In 1931 Bernard went to Pathé-Nathan and made his sound film debut. His most important films there were Wooden Crosses (Les Croix de Bois) (1932) - a film set against the backdrop of the First World War - and the Hugo film adaptation The Damned (Les Misérables) (1934), both with Charles Vanel in the leading roles. In 1934 Pathé-Natan went bankrupt.

After Antoine de Saint-Exupéry , Anne-Marie was created in 1936 under Bernard's direction with Annabella in the title role. At the end of the 1930s he shot with "Marthe Richard au Service de la France" (with Edwige Feuillère and Erich von Stroheim ), Les Otages (with Annie Vernay ) and The Castle of Love ( Cavalcade d'amour ; with Claude Dauphin and Michel Simon ) several films that were under the sign of the aggressive war mood in Europe. During the Second World War, Raymond Bernard, who was of Jewish origin, was banned from filming. He fled from the Germans in the Vercors , while his father was briefly admitted to the Drancy assembly camp and his nephew François was murdered in the Mauthausen concentration camp .
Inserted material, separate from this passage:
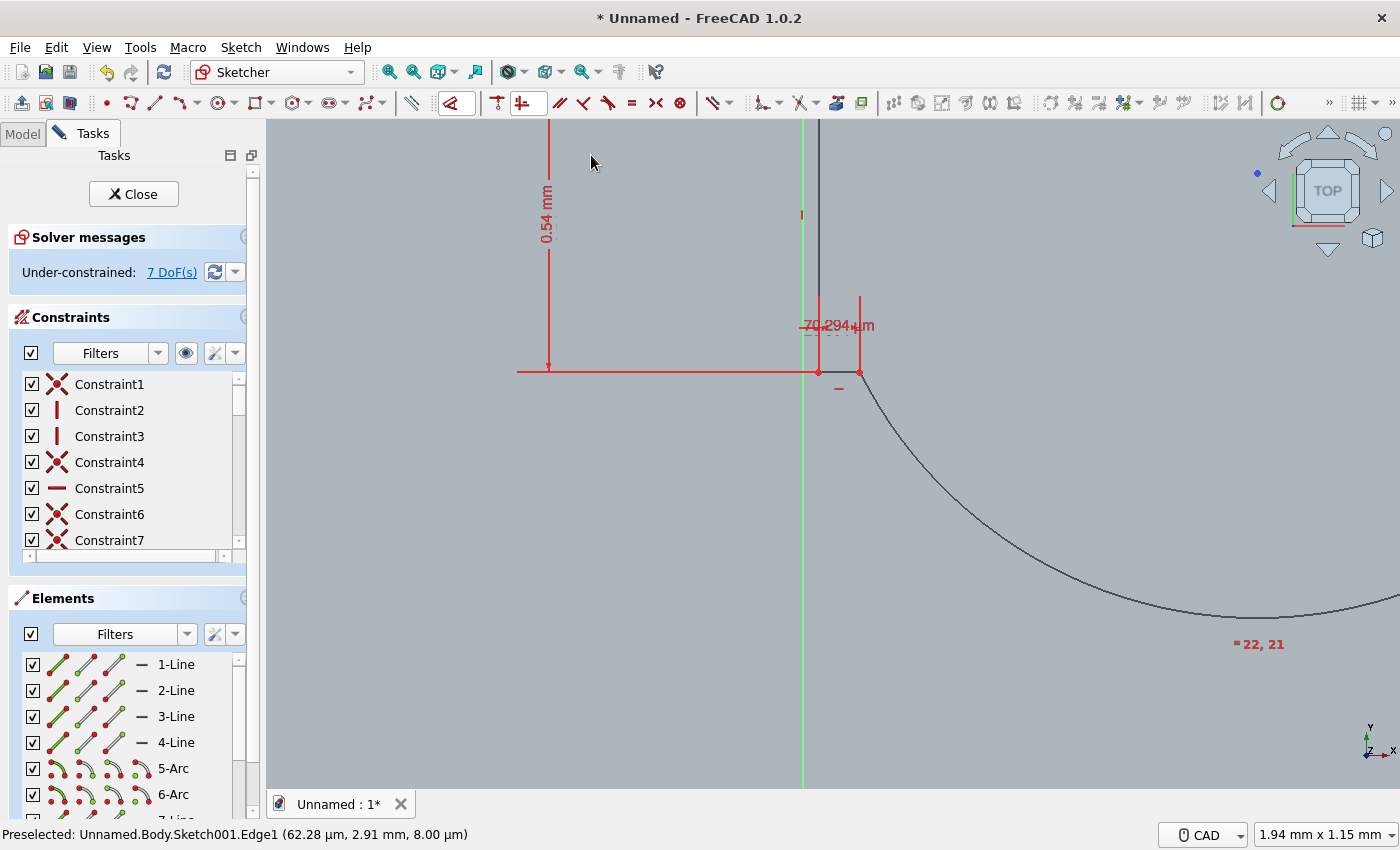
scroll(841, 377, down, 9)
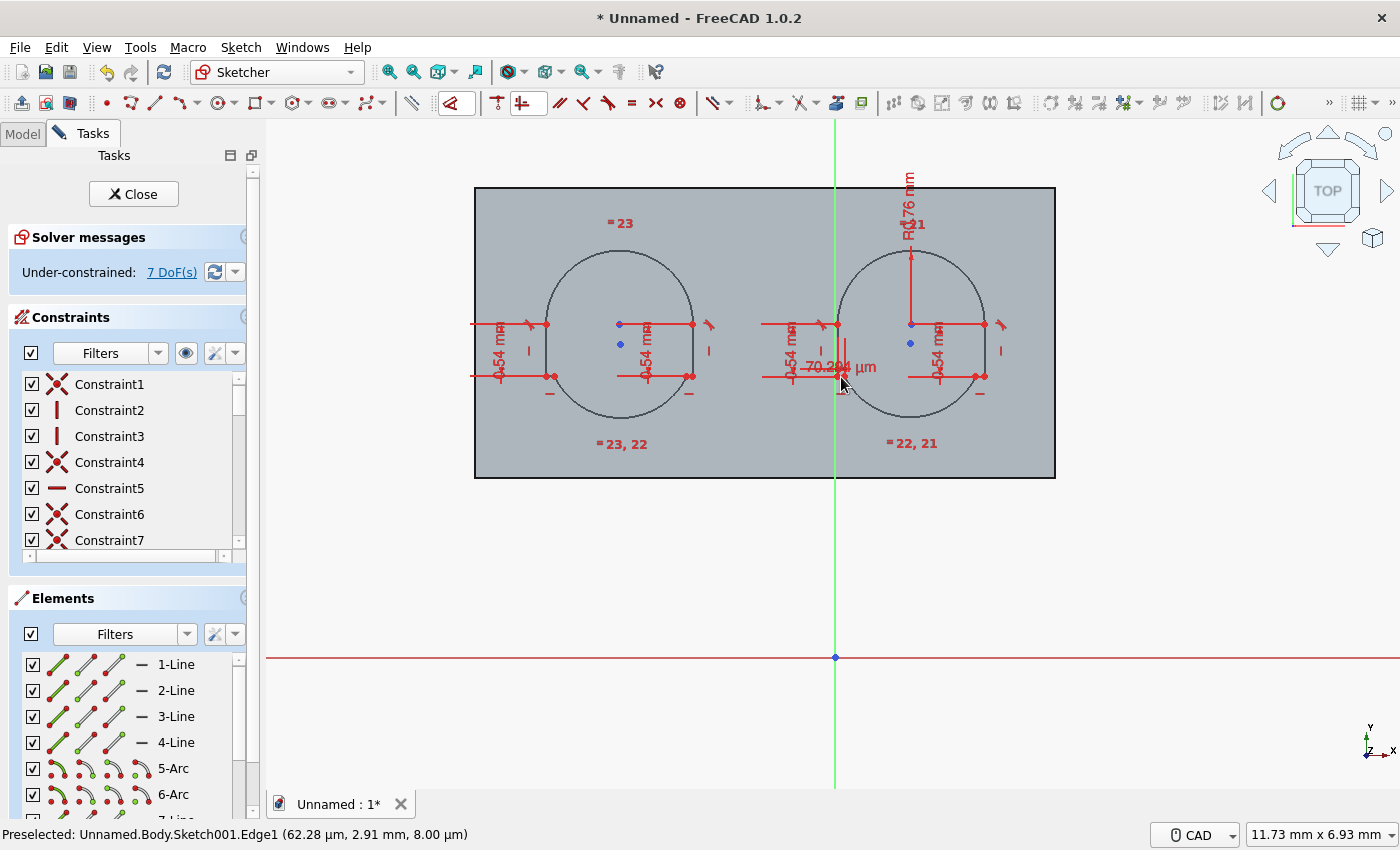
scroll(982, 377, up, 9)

Immediately after the liberation of France, he resumed his work and made Adieu Cherie (Adieu chérie) with Danielle Darrieux in 1946 . In the 1950s he made a film almost every year. In 1958 he retired.

Films (Director Only)

  • 1917: Le Ravin sans fond
  • 1918: Le Traitement du hoquet
  • 1918: Le Gentilhomme commerçant
  • 1919: Le Petit Café
  • 1920: Le Secret de Rosette Lambert
  • 1921: Maison vide
  • 1922: Triplepatte
  • 1923: L'Homme inusable
  • 1923: Grandeur et décadence
  • 1923: Le Costaud des Épinettes
  • 1924: The miracle of the wolves (Le Miracle des loups)
  • 1926: The Chess Player (Le Joueur d'échecs)
  • 1930: Tarakanova
  • 1931: Wooden Crosses (Les Croix de Bois)
  • 1931: Faubourg Montmartre
  • 1934: The Damned (Les Misérables)
  • 1934: Tartarin de Tarascon
  • 1935: Amants et voleurs
  • 1936: Anne-Marie
  • 1937: I am the culprit (Le coupable)
  • 1937: Marthe Richard au Service de la France
  • 1938: Les Otages
  • 1938: J'étais une aventurière
  • 1940: The Castle of Love (Cavalcade d'amour)
  • 1945: Un ami viendra ce soir
  • 1946: Adieu Cherie (Adieu chérie)
  • 1949: This is how a prostitute ended (Maya)
  • 1951: Le Cap de l'Espérance
  • 1952: Agnes Bernauer (Le Jugement de Dieu)
  • 1953: The Lady of the Camellias (La Dame aux camélias)
  • 1953: La Belle de Cadix
  • 1955: Your Night of Love (Les fruits de l'été)
  • 1957: Le Septième commandement
  • 1958: The seventh heaven (Le Septième ciel)

literature

  • Société des auteurs et compositeurs dramatiques (France), Tristan Bernard et ses fils: Jean-Jacques Bernard, auteur dramatique, Raymond Bernard, auteur réalisateur de films, Etienne Bernard, médecin des hôpitaux. , Paris: Société des auteurs et compositeurs dramatiques, 1981.